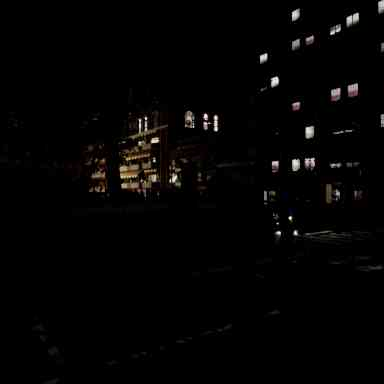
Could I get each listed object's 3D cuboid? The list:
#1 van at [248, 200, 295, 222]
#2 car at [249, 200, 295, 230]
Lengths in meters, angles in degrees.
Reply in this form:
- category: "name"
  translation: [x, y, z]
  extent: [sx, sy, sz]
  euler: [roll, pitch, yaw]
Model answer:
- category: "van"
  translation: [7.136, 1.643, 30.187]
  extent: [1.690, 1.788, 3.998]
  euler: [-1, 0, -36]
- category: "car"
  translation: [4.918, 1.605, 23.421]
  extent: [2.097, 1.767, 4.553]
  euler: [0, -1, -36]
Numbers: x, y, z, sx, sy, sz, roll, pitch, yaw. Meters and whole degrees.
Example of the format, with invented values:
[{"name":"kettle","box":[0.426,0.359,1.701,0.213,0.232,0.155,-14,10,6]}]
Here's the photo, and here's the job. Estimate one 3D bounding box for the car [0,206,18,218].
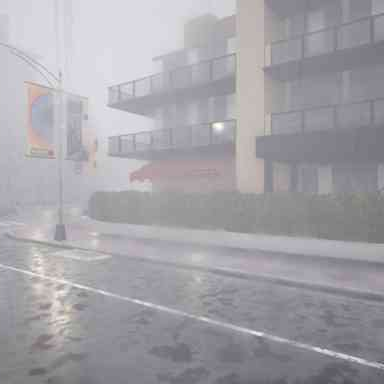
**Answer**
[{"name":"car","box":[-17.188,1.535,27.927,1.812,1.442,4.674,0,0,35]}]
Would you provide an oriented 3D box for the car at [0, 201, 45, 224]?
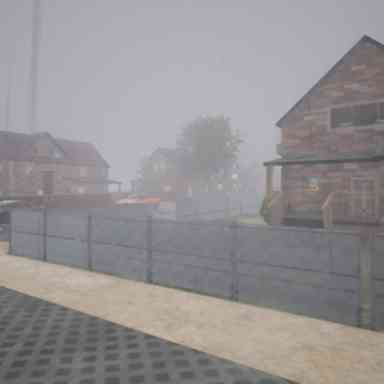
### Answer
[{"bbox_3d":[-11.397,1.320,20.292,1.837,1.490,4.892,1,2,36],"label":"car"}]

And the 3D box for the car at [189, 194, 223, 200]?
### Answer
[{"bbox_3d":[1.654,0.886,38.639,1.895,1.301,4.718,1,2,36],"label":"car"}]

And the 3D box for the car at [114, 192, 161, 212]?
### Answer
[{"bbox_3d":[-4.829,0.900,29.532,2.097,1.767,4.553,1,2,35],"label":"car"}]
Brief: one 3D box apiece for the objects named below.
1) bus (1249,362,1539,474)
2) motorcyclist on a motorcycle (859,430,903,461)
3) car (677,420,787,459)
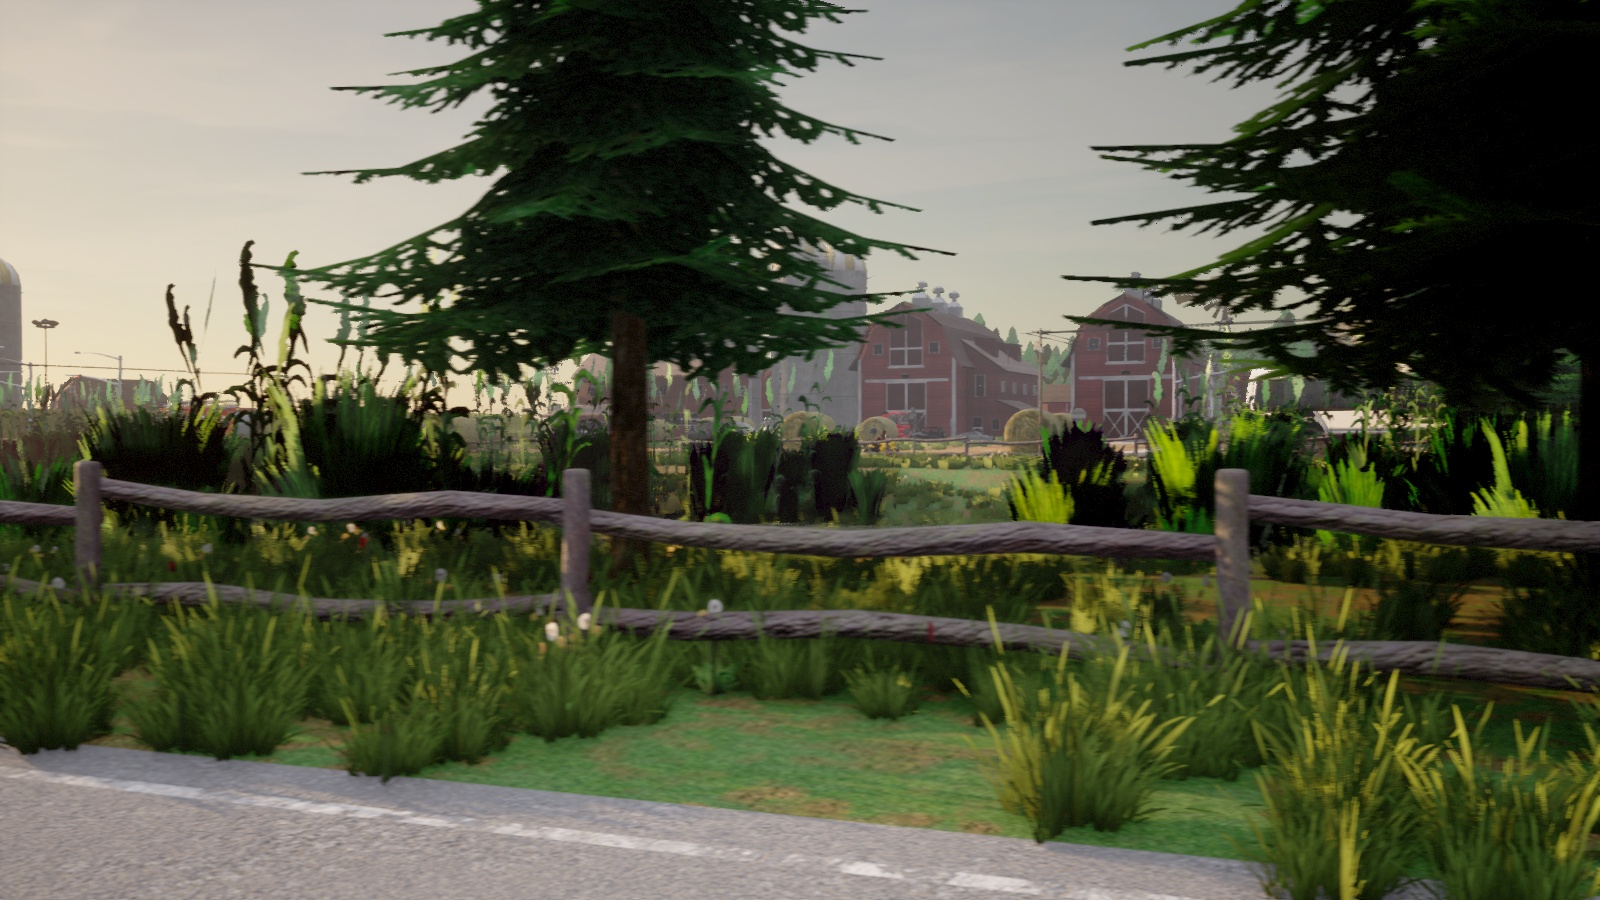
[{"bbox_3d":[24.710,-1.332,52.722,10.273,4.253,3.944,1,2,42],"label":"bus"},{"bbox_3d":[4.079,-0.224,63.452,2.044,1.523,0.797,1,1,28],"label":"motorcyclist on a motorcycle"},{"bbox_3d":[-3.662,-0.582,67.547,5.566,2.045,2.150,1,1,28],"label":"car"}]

━━━

(WHAT IS NEEDED) Repeat the material above exactly. Leave every picture out of it.

(ANSWER TO THIS EXERCISE)
Could I get each listed object's 3D cuboid? The list:
#1 van at [248, 200, 295, 222]
#2 car at [249, 200, 295, 230]
Lengths in meters, angles in degrees.
Reply in this form:
- category: "name"
  translation: [x, y, z]
  extent: [sx, sy, sz]
  euler: [roll, pitch, yaw]
Model answer:
- category: "van"
  translation: [7.136, 1.643, 30.187]
  extent: [1.690, 1.788, 3.998]
  euler: [-1, 0, -36]
- category: "car"
  translation: [4.918, 1.605, 23.421]
  extent: [2.097, 1.767, 4.553]
  euler: [0, -1, -36]
Numbers: x, y, z, sx, sy, sz, roll, pitch, yaw. Meters and whole degrees.
Example of the format, with invented values:
[{"name":"kettle","box":[0.426,0.359,1.701,0.213,0.232,0.155,-14,10,6]}]
Here's the photo, and here's the job. Estimate one 3D bounding box for the car [0,206,18,218].
**Answer**
[{"name":"car","box":[-17.188,1.535,27.927,1.812,1.442,4.674,0,0,35]}]
Would you provide an oriented 3D box for the car at [0, 201, 45, 224]?
### Answer
[{"bbox_3d":[-11.397,1.320,20.292,1.837,1.490,4.892,1,2,36],"label":"car"}]

And the 3D box for the car at [189, 194, 223, 200]?
### Answer
[{"bbox_3d":[1.654,0.886,38.639,1.895,1.301,4.718,1,2,36],"label":"car"}]

And the 3D box for the car at [114, 192, 161, 212]?
### Answer
[{"bbox_3d":[-4.829,0.900,29.532,2.097,1.767,4.553,1,2,35],"label":"car"}]
Brief: one 3D box apiece for the objects named below.
1) bus (1249,362,1539,474)
2) motorcyclist on a motorcycle (859,430,903,461)
3) car (677,420,787,459)
[{"bbox_3d":[24.710,-1.332,52.722,10.273,4.253,3.944,1,2,42],"label":"bus"},{"bbox_3d":[4.079,-0.224,63.452,2.044,1.523,0.797,1,1,28],"label":"motorcyclist on a motorcycle"},{"bbox_3d":[-3.662,-0.582,67.547,5.566,2.045,2.150,1,1,28],"label":"car"}]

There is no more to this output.